▶ [Prompt]
Within the entries below, find the portion that opens with the line containing "#6 plant saucer [118,286,250,481]" and closes with the line containing "#14 toy food set [23,24,310,221]". Retype that portion exactly and only.

Data excerpts
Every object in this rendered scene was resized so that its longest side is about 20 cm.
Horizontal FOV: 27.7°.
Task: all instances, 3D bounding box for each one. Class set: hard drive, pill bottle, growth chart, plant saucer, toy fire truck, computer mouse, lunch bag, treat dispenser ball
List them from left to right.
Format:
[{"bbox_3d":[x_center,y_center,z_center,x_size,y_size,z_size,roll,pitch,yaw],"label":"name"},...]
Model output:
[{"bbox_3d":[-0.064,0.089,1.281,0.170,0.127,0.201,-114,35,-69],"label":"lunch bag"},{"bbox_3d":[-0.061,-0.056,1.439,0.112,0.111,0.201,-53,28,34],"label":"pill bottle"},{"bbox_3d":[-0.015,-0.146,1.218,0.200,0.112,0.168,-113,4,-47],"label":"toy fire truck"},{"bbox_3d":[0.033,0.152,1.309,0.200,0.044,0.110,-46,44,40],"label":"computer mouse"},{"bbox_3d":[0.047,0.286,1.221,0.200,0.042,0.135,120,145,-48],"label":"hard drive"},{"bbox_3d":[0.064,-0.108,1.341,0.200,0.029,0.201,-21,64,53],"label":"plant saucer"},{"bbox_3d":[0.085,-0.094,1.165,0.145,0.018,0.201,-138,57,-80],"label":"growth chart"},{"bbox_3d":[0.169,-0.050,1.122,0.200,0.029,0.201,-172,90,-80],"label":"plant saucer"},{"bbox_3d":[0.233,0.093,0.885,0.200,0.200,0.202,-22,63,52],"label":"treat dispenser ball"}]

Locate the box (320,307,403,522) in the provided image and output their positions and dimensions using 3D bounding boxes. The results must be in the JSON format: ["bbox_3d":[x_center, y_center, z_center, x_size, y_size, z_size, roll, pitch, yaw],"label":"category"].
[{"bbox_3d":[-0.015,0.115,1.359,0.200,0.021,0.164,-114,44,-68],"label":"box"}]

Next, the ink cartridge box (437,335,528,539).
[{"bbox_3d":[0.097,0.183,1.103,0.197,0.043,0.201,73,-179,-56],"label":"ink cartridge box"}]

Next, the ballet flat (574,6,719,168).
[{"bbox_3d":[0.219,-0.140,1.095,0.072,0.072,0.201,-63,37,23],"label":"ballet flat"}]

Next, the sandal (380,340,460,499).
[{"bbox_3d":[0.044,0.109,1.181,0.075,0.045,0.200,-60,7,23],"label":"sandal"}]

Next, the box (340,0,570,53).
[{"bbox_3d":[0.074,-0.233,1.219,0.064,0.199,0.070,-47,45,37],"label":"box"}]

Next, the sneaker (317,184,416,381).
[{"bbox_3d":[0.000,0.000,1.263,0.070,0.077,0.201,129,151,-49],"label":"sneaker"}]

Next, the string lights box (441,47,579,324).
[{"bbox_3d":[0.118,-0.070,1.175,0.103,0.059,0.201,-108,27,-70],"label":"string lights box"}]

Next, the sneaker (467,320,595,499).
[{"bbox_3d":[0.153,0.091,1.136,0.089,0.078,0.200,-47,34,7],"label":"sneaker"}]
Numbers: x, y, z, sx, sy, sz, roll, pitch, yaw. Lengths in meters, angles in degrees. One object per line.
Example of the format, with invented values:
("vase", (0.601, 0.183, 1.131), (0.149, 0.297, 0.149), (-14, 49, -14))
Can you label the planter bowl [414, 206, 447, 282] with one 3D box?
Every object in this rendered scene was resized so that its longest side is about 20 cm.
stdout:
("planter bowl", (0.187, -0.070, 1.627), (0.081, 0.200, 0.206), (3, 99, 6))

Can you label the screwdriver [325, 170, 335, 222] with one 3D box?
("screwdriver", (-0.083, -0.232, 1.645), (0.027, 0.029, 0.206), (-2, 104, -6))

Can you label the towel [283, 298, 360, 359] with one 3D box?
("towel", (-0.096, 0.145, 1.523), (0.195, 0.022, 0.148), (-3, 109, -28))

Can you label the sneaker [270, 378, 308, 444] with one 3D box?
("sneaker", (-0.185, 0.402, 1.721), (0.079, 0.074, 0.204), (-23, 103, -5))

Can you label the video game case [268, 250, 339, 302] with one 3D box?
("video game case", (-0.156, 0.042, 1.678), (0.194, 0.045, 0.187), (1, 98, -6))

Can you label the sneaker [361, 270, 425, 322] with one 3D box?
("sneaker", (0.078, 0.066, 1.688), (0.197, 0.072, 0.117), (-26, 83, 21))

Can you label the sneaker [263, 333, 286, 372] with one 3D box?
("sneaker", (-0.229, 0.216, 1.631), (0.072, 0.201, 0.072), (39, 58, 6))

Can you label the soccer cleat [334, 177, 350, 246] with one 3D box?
--
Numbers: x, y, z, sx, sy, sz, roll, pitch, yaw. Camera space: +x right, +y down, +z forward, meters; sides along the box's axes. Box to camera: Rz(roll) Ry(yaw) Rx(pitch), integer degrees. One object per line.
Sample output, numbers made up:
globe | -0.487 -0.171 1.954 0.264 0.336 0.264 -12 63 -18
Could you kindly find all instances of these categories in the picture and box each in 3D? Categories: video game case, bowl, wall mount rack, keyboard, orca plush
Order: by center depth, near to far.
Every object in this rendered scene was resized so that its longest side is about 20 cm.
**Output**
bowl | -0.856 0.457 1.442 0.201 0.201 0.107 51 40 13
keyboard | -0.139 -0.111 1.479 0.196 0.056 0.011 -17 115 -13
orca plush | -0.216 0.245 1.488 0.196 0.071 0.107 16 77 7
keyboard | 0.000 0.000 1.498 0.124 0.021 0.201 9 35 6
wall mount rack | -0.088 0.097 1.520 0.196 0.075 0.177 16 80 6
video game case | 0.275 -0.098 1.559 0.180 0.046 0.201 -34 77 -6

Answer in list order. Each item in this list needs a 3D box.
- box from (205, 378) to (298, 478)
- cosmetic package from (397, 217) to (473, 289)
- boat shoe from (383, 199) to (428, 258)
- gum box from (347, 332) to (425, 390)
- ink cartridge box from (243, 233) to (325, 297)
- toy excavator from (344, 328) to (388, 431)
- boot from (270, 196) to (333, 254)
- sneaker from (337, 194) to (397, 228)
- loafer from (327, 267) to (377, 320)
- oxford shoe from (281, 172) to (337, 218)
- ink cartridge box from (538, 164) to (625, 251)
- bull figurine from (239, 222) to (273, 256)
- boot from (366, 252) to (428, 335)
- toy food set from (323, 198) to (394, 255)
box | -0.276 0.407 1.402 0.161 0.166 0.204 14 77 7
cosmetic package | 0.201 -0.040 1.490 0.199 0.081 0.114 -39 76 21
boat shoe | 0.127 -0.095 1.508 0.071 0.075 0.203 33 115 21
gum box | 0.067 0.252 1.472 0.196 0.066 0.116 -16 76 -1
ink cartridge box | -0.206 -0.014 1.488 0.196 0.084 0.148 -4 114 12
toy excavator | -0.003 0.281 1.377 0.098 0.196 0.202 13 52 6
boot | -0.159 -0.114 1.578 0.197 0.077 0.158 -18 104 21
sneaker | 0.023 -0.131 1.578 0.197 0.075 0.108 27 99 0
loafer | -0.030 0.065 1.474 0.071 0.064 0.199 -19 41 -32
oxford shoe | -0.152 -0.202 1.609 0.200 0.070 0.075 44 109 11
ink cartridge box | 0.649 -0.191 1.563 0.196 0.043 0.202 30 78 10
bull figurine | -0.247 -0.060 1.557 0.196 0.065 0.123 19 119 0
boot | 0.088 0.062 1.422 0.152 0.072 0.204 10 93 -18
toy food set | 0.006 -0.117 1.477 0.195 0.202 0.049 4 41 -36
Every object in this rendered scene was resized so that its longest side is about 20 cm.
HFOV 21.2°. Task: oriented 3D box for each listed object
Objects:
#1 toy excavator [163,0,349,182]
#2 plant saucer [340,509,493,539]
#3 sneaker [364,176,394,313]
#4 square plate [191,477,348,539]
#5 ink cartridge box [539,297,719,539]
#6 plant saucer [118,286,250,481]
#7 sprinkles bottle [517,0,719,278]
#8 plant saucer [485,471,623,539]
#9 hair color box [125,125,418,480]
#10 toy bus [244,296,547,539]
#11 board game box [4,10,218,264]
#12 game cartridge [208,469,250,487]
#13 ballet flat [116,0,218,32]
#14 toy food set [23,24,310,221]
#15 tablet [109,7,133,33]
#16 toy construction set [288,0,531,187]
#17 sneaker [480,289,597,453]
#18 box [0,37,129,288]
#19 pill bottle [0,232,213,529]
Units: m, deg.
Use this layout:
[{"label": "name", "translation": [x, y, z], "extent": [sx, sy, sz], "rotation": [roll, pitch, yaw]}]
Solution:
...
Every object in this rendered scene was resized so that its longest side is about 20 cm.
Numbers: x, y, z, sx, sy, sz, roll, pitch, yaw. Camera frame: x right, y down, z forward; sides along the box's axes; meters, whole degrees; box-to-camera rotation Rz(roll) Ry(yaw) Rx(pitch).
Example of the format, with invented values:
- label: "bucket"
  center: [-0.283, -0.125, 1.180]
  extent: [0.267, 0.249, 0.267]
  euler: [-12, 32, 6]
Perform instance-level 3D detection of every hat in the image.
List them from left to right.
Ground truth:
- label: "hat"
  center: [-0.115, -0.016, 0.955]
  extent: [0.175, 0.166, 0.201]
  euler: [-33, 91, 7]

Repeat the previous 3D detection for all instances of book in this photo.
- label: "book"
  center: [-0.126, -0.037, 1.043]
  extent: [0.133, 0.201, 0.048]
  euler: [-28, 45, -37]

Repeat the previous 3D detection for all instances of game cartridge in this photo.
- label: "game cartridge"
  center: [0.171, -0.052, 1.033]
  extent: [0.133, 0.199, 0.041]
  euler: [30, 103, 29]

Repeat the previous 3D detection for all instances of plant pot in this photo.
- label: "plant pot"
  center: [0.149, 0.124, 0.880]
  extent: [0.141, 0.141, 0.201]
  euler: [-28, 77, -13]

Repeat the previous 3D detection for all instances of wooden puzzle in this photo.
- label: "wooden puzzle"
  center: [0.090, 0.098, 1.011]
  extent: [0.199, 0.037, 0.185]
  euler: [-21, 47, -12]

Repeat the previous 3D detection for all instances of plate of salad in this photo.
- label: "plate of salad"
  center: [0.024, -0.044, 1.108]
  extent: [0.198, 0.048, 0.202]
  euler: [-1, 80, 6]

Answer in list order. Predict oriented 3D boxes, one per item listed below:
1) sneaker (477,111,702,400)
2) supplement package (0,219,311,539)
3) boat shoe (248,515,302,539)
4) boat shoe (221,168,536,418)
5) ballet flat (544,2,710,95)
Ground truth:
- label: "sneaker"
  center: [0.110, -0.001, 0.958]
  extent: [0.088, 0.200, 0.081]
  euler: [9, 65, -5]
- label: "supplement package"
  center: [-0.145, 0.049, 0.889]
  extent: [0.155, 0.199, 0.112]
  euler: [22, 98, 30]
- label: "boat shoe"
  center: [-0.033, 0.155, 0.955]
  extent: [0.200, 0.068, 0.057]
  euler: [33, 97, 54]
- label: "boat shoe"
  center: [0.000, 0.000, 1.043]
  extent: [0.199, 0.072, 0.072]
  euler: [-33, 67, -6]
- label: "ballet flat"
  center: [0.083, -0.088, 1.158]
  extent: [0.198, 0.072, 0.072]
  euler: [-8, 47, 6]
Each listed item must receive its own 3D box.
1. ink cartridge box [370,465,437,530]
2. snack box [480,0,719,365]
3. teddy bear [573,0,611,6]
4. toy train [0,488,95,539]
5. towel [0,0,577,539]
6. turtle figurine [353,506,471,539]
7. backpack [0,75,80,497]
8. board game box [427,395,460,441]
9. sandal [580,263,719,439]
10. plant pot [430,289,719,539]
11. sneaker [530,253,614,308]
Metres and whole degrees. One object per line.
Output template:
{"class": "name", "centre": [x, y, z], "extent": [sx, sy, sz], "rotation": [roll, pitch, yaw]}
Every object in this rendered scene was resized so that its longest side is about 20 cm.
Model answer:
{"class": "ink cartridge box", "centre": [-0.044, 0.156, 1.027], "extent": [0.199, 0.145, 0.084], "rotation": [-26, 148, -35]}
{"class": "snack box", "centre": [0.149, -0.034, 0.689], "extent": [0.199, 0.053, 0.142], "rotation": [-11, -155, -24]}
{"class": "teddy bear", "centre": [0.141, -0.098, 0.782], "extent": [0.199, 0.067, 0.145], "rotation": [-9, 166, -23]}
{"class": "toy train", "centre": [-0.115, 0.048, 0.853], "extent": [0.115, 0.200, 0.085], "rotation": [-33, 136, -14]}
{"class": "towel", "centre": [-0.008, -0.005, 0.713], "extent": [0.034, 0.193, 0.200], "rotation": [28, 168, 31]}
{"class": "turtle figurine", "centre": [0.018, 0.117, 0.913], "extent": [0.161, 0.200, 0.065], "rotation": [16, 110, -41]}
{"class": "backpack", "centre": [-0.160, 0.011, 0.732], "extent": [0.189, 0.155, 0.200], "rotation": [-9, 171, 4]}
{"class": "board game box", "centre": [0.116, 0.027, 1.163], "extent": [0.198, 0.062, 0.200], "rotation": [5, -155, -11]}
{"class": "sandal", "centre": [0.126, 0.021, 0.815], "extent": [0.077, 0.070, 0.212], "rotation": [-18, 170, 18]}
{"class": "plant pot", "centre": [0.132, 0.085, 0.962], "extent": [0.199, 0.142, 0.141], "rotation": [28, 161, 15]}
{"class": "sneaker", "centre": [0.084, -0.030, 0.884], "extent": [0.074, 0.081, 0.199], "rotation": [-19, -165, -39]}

▶ [Task answer]
#6 plant saucer [118,286,250,481]
#7 sprinkles bottle [517,0,719,278]
#8 plant saucer [485,471,623,539]
#9 hair color box [125,125,418,480]
#10 toy bus [244,296,547,539]
#11 board game box [4,10,218,264]
#12 game cartridge [208,469,250,487]
#13 ballet flat [116,0,218,32]
#14 toy food set [23,24,310,221]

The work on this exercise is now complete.